▶ _What is needed_
Go through the records and count every line that holds "chart". Only the number belongs in the reply.

Data items:
******

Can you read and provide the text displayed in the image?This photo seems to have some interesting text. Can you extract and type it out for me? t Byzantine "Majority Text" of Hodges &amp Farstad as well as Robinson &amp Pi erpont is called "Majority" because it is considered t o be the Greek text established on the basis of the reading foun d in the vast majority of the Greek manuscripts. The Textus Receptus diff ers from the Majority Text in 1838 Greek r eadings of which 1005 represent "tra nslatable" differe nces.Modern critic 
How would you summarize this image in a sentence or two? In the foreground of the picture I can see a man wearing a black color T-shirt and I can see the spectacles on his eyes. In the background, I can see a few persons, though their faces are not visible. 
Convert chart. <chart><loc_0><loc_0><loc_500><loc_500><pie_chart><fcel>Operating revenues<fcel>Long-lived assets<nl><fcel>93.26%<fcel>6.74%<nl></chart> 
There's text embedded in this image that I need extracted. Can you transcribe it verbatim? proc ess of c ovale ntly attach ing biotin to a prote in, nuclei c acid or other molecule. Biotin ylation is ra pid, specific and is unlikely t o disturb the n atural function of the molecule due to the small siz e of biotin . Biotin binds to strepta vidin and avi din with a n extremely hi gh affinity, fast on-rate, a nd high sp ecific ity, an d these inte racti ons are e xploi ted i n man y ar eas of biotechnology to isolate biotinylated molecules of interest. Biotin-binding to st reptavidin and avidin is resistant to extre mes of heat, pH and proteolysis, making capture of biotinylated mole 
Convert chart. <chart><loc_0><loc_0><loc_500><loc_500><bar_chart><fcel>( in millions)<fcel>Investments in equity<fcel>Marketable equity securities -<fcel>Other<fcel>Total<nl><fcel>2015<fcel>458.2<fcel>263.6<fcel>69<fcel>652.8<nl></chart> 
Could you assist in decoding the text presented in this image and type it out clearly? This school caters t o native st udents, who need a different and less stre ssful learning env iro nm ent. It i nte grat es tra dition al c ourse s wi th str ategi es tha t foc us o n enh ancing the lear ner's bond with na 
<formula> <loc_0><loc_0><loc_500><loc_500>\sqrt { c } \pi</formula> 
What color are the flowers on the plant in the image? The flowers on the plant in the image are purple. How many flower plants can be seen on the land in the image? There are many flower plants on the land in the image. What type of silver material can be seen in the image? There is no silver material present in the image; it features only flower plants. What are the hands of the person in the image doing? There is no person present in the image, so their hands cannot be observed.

******

▶ _Answer_
2